Throughout the book, the author uses descriptions like this to represent the poultry industry. I knew nothing about this industry before I read this book: my eye were truly opened. I had no idea that the workers were treated in this way. I felt sorry for the immigrants who had to go to work in these slaughterhouses day in and day out. They clearly lead difficult lives that I would not wish upon my worst enemy. Throughout the book, Striffler shows how so much of the industry is at the mercy of money.
This is a business and the logic of capitalism makes the poultry industry operate the way it does. The cruelty is by design: it is more efficient than kindness. Even those who are inclined to treat chickens well have difficulties in situations where money is short. One company reports to Striffler that they want to raise free range chickens but they were hostage to money concerns. The author writes: “The chickens started getting hungry and needed food. We couldn’t afford to feed chickens we weren’t going to sell.
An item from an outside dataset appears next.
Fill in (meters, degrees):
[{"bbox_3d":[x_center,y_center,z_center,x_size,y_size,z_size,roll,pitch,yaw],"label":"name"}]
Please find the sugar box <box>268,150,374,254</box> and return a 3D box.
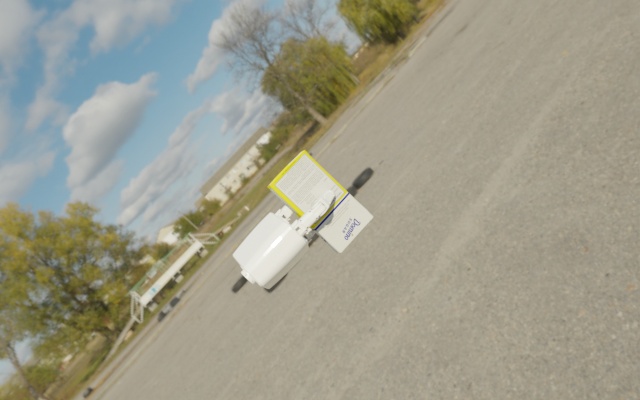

You get the feed on credit from the company that buys the chicks. Besides, chickens aren’t pets. We’re not feeding 25,000 chicks if we can’t sell them. This is a business. Oh, but these people from Washington [PETA] go nuts. They come down here and start picketing. They kept using this term. Damn. I can’t remember it. . . . They said we were being cruel to chickens. We’re raising them to be processed into nuggets so these people can eat them and they say we are being cruel” (88). It is important to remember that this is all a business Overall, this book made me feel bad.
There was little or nothing in it that was pleasant. In fact, it made me somewhat sick to my stomach. I thought about all the chicken I had eaten in my life. I have always enjoyed fried chicken and chicken kiev. For me, it was a lean and tasty source of protein. But now, having read this book, it is hard for me to get many of the images of injured, sick, dirty, agonized chickens out of my mind. In some ways, I wish I had never read this book and learned how the poultry industry is organized. I will probably never eat chicken again.
Reading this book has had a direct impact on my dietary habits. It has also affected my relationship to my family—who love chicken. I try to tell them about the poultry industry and this book, but they are not interested. They see my new opinions as a form of judgement and resent how frequently I bring up this subject. Whenever I see chicken in the supermarket I think of a live chicken and all its hopes and dreams. I think of how the poultry industry crushes those hopes and dreams. It all makes me sad, and a bit sick.
I also think of the immigrants working in the factories and how difficult their own lives are. It seems to be a cycle of capitalistic violence. We surely can do better. Food is one of the most important things in life. We need it to survive, but we also love the way it tastes. Chicken, for many people, is a food staple, and yet they spend very little time thinking about where it comes from and how it gets on their plate. Striffler, to his credit, has begun to change that. In this fascinating book he explains the real story behind the poultry industry.